Evariste Galois may have turned out to be the greatest mathematician of all time had he not died at the tender age of 20 after fighting a duel over a teenage girl who really didn't even like him all that much. Just another all-too-common intersection of genius and stupidity.

His was a sad and tortured life. His father was briefly the mayor of a small town outside of Paris, but he committed suicide after a feud with an unscrupulous and dishonest village priest. When Galois tried to get into the best school, the École polytechnique, it wasn't so much his deficiencies in other areas that hurt him as much as the fact that his math was so advanced that the instructors who were testing him didn't have a clue and turned him down.

A couple decades after his death, the *New Annals of Mathematics* would note, "A candidate of superior intelligence is lost with an examiner of inferior intelligence."

Things actually got worse for him. His work kept getting lost by mentors and examiners. One time, he entered the equivalent of a prestigious math contest. The judging committee's secretary took the paper home with him and then died. The original paper was never found. Galois later re-did the paper; it is considered one of the most inspiring works in the history of mathematics.

While much of his stuff is out there, there are a couple semi-practical applications thereof. One may find its way into the American political process if some people get their way. It involves using probability to select the best candidate from an extremely large field. It has long been known as The Dating Problem, but the website Numberphile2 recently hilariously updated it as The Glastonbury Toilet Problem.

Imagine you're at the Glastonbury Music Festival and nature calls. There are 100 Port-a-Potties from which to choose. How can you use math to give yourself the best chance of using the least-disgusting toilet?

Using probability theory, you construct a nice bell-shaped curve along the x-axis (while holding in your pee). To find the (optimum) value of the curve's peak, you take the derivative of the curve's equation and arrive at – ln (natural log) of x minus 1 = 0. That solves to 1/e, which, believe me, will make a nerd all tingly.
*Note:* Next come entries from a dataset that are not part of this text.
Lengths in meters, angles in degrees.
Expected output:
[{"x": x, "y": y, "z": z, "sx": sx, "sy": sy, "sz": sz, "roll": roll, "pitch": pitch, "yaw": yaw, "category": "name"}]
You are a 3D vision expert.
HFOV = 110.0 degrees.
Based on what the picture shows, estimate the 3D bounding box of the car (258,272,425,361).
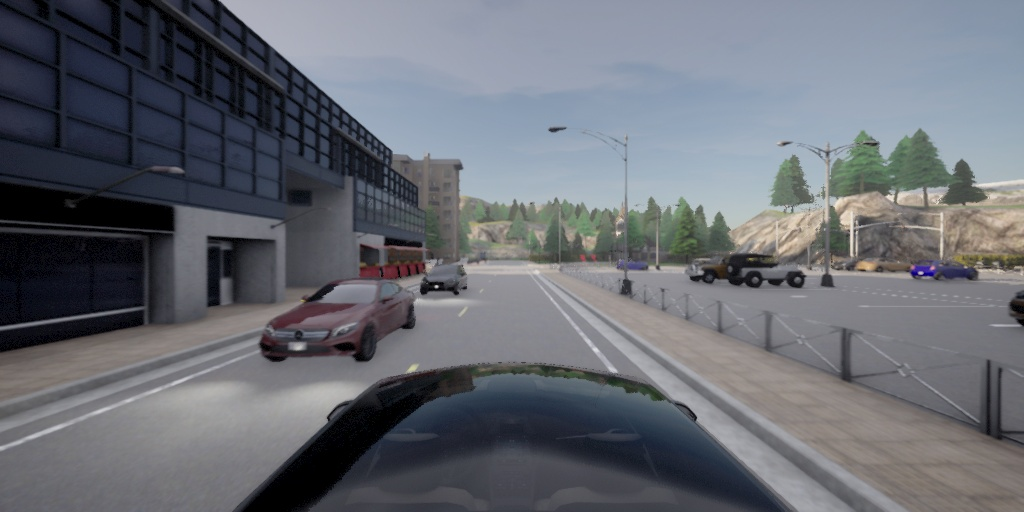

One over e is about .37, so 37 percent becomes key here.

According to probability, you would have to inspect the first 37 (of the 100) toilets, keeping a mental note of the conditions of that which was the least disgusting. You then select the first one after No. 37 that is superior to all of those you inspected. (You can't go back.) Mathematically speaking, this will give you the best chance of finding the least disgusting toilet. Obviously, there was a 1/100 chance that the very first one was the best, and an equal chance that the second, third or fourth (and so on) was the best. But the Galois method gives you the highest probability.

Keep all this in mind if the raging Independents and others try to install the Top Two method to election results in Arizona.

I have to detour briefly here. A couple weeks ago, I used the phrase "mythical Independent voter." I probably could have used a better word. The second definition of "mythical" is "idealized," which, at the time, I thought was better than "stereotypical." Well, some guy who goes by "Harry Red Dog" got all butt-hurt. (Why can't people use their real names in online posts?)

Anyway, Harry (...) or Mr. Dog, if you prefer, I understand that a lot of people are fed up with both parties. The last time I poked fun at Independents, my long-time friend and colleague, Jim Nintzel, took me to task and sent me an absolute treatise on the emergence and evolution of the non-party-affiliated voter. My instinct is to stay and fight (perchance to effect positive change from within) rather than stepping outside and uttering, "A pox on both their houses!," but (...) different strokes.

The top two method, which is the crackpot scheme du jour of many Independents, is simple (and simply awful). You throw everybody in one big primary and the top two vote-getters square off in the general election. Leaving Galois out of it for now, in even simple mathematical terms, it's a recipe for disaster. We'll say you have an open seat in a district that's heavily (say 56 percent) Republican. Four Republicans see an opportunity and jump in the race, while two Democrats also run. The four Republican newcomers split the vote pretty evenly, with each winning between 12 percent and 16 percent of the total vote. Meanwhile, the two Democrats grab 24 percent and 20 percent of the total vote, respectively, and will square off in the general election. That would seem to subvert the will of the people in that district. And the more candidates in the primary, the more likely that Galois will rear its ugly head.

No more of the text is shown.